When Curation Becomes Creation

Algorithms, Microcontent, and the Vanishing Distinction between Platforms and Creators

Authors: Liu Leqi, Dylan Hadfield-Menell, and Zachary C. Lipton

To appear in Communications of the ACM (CACM) and available on arXiv.org.

Ever since social activity on the Internet began migrating from the wilds of the open web to the walled gardens erected by so-called platforms (think Myspace, Facebook, Twitter, YouTube, or TikTok), debates have raged about the responsibilities that these platforms ought to bear. And yet, despite intense scrutiny from the news media and grassroots movements of outraged users, platforms continue to operate, from a legal standpoint, on the friendliest terms.

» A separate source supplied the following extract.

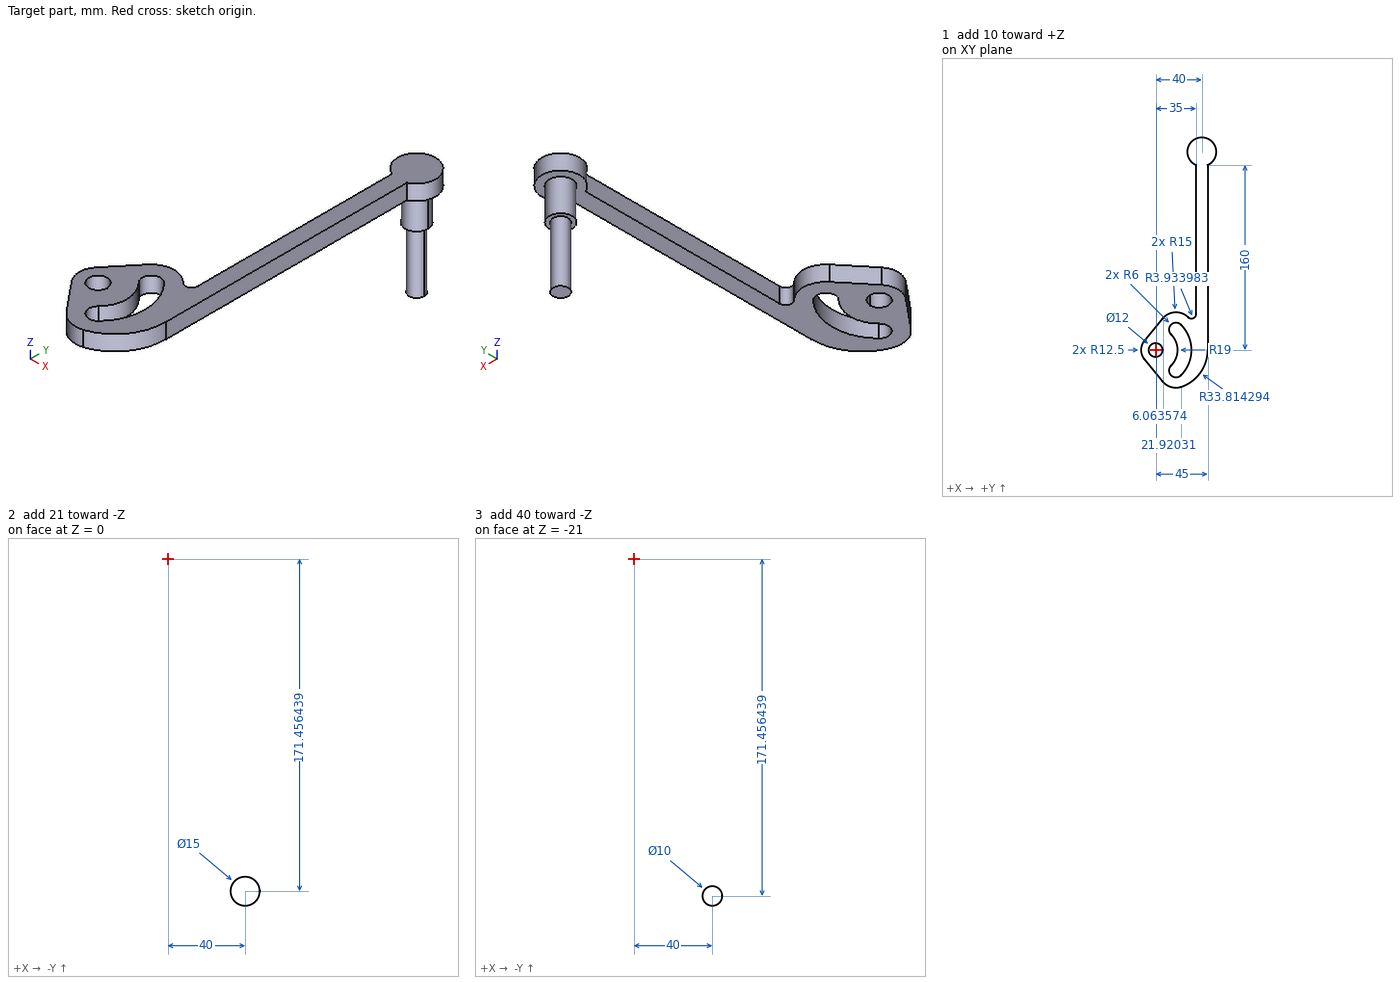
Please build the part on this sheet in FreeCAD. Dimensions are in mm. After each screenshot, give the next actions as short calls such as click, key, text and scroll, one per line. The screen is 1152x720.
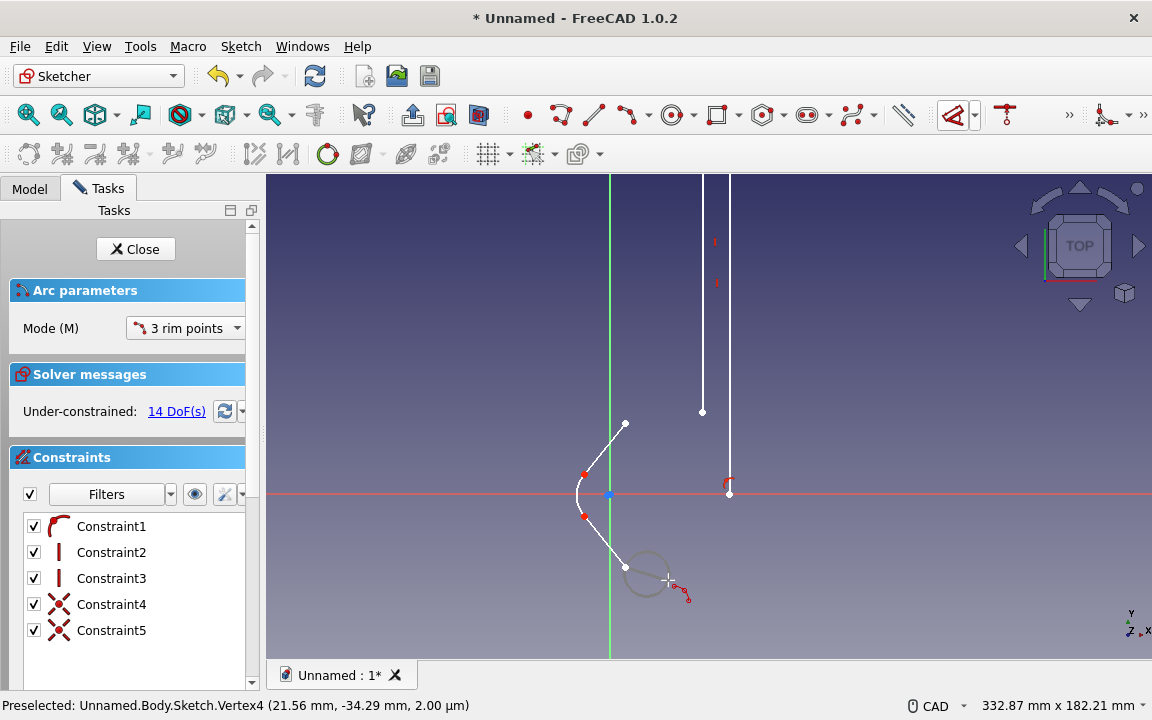
scroll(645, 580, up, 5)

You might say that today’s platforms enjoy a “have your cake, eat it too, and here’s a side of ice cream” deal. They simultaneously benefit from: (1) broad discretion to organize (and censor) content however they choose; (2) powerful algorithms for curating a practically limitless supply of user-posted microcontent according to whatever ends they wish; and (3) absolution from almost any liability associated with that content.

Today’s platforms play an increasingly active role in shaping what people see, arguably creating derivative media products of their own.

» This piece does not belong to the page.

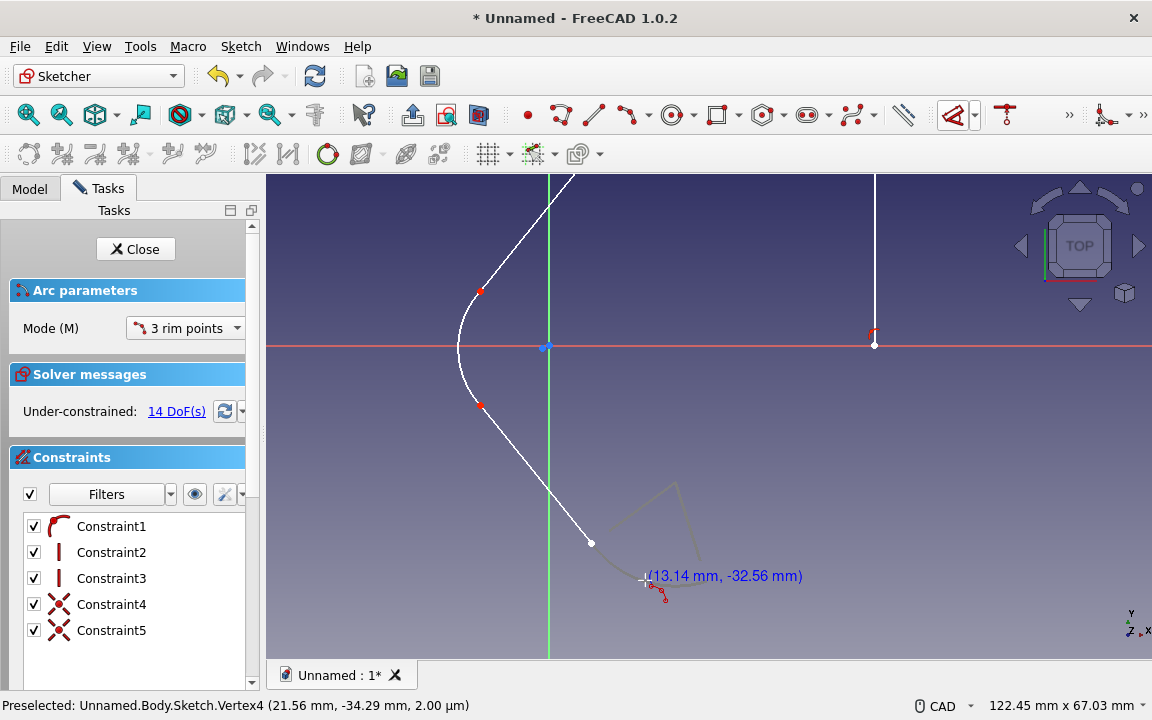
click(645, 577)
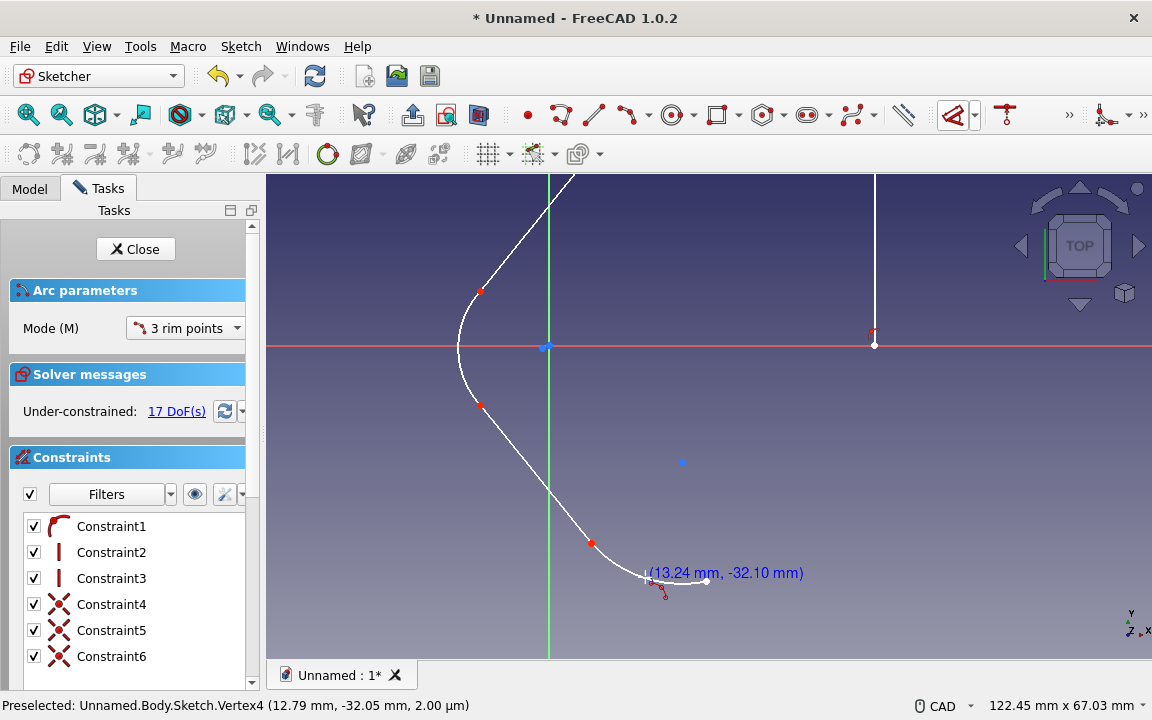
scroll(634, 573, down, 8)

This favorable regulatory environment results from the current legal framework, which distinguishes between intermediaries (e.g., platforms) and content providers. This distinction is ill-adapted to the modern social media landscape, where platforms deploy powerful data-driven algorithms (so-called AI) to play an increasingly active role in shaping what people see and where users supply disconnected bits of raw content (tweets, photos, etc.) as fodder.

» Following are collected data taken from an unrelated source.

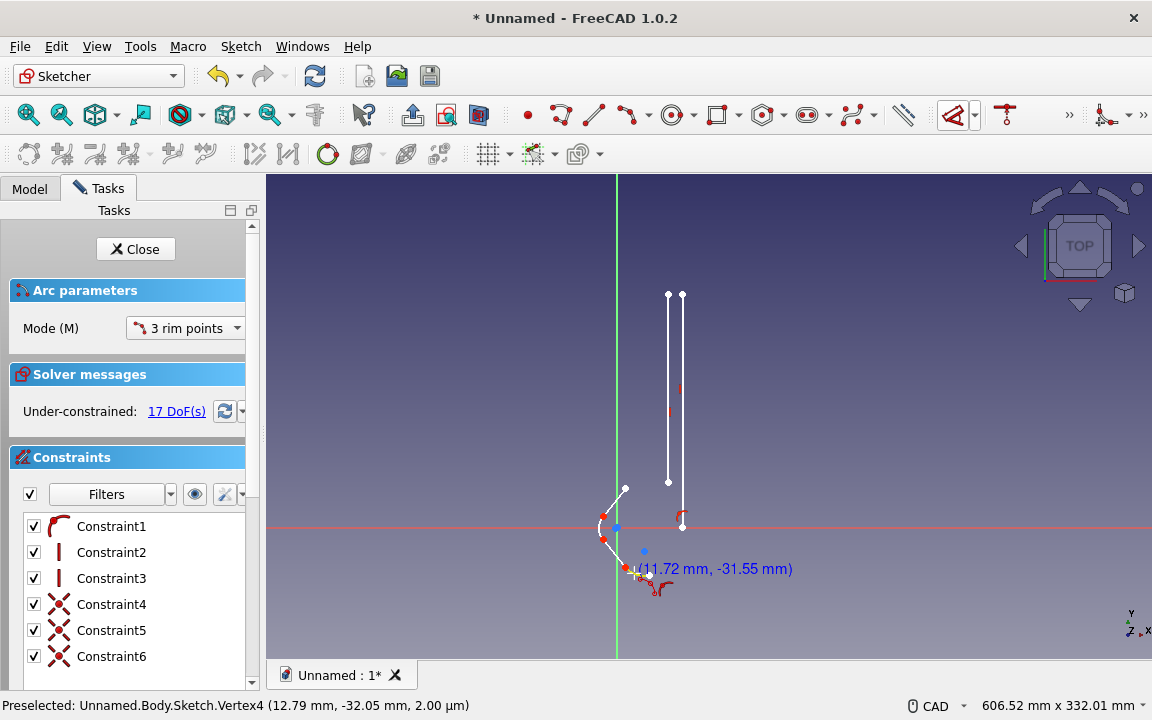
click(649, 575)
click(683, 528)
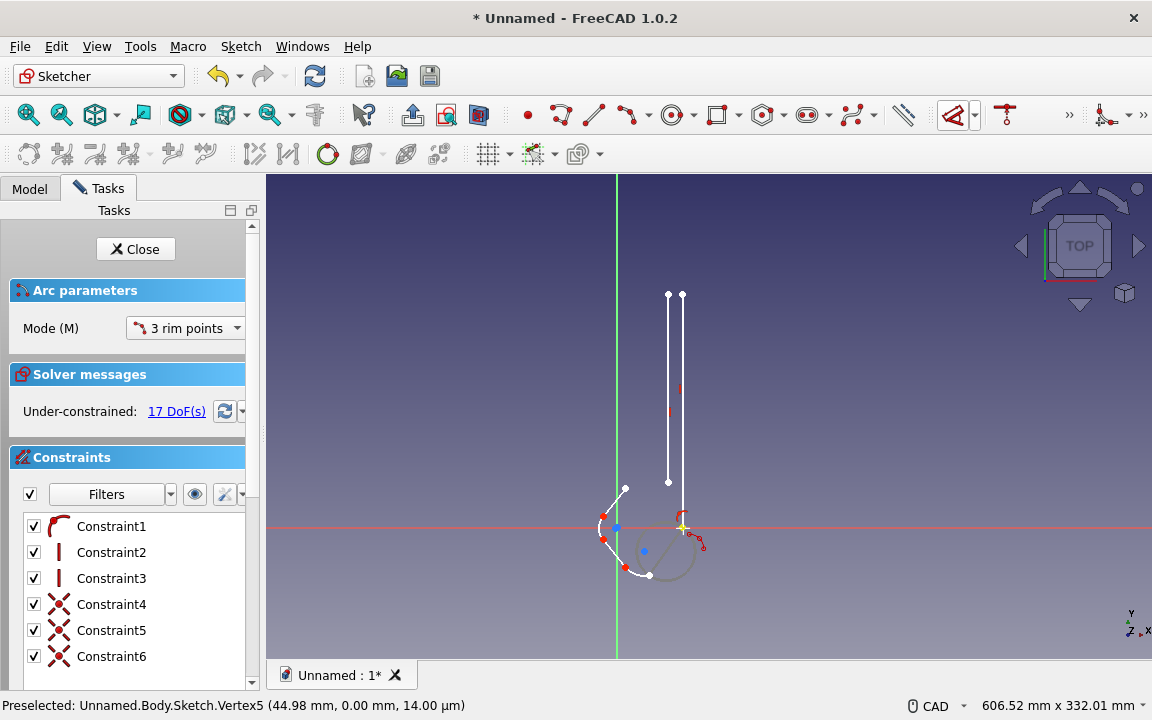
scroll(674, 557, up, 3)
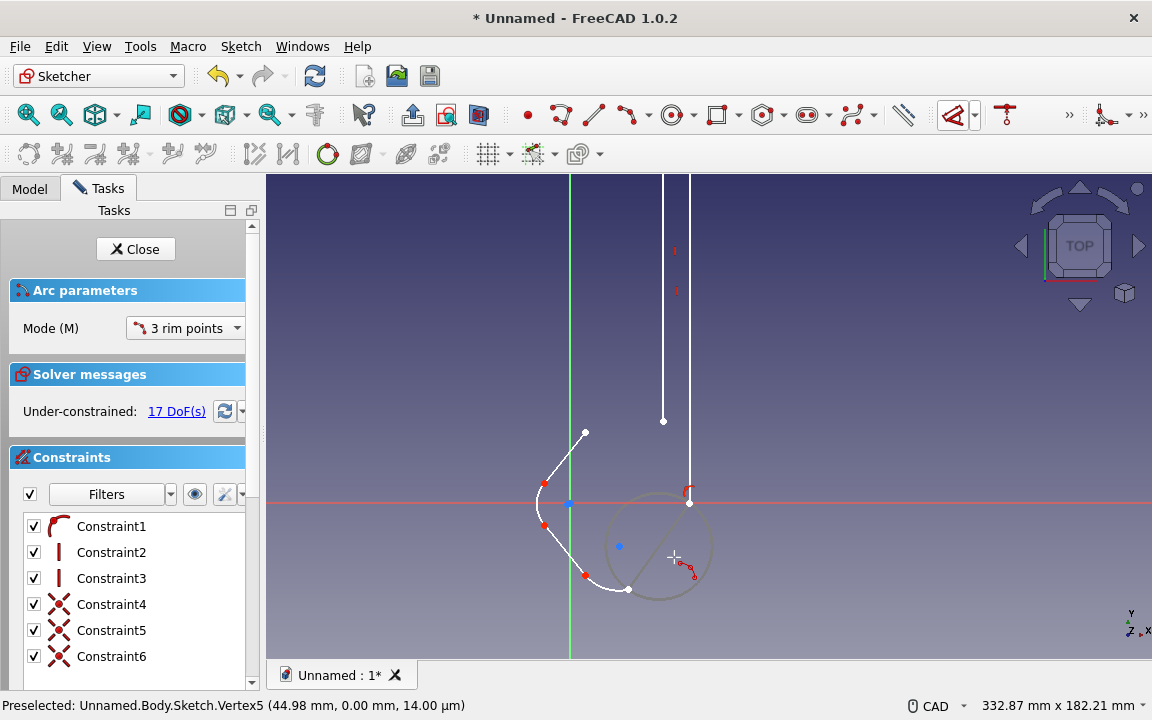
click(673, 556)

Specifically, under Section 230 of the Telecommunications Act of 1996, “interactive computer services” are shielded from liability for information produced by “information content providers.” While this provision was originally intended to protect telecommunications companies and Internet service providers from liability for content that merely passed through their plumbing, the designation now shelters services such as Facebook, Twitter, and YouTube, which actively shape user experiences.

Excepting obligations to take down specific categories of content (e.g., child pornography and copyright violations), today’s platforms have license to monetize whatever content they like, moderate if and when it aligns with their corporate objectives, and curate their content however they wish.

ANTECEDENTS IN MODERATION

In his 2018 book, Custodians of the Internet, Tarleton Gillespie examines platforms through the lens of content moderation, calling into focus an apparent contradiction: Platforms constantly do (and arguably, must) wade into the normative, making political decisions about what content to allow; and yet they operate absent responsibility on account of their purported neutrality.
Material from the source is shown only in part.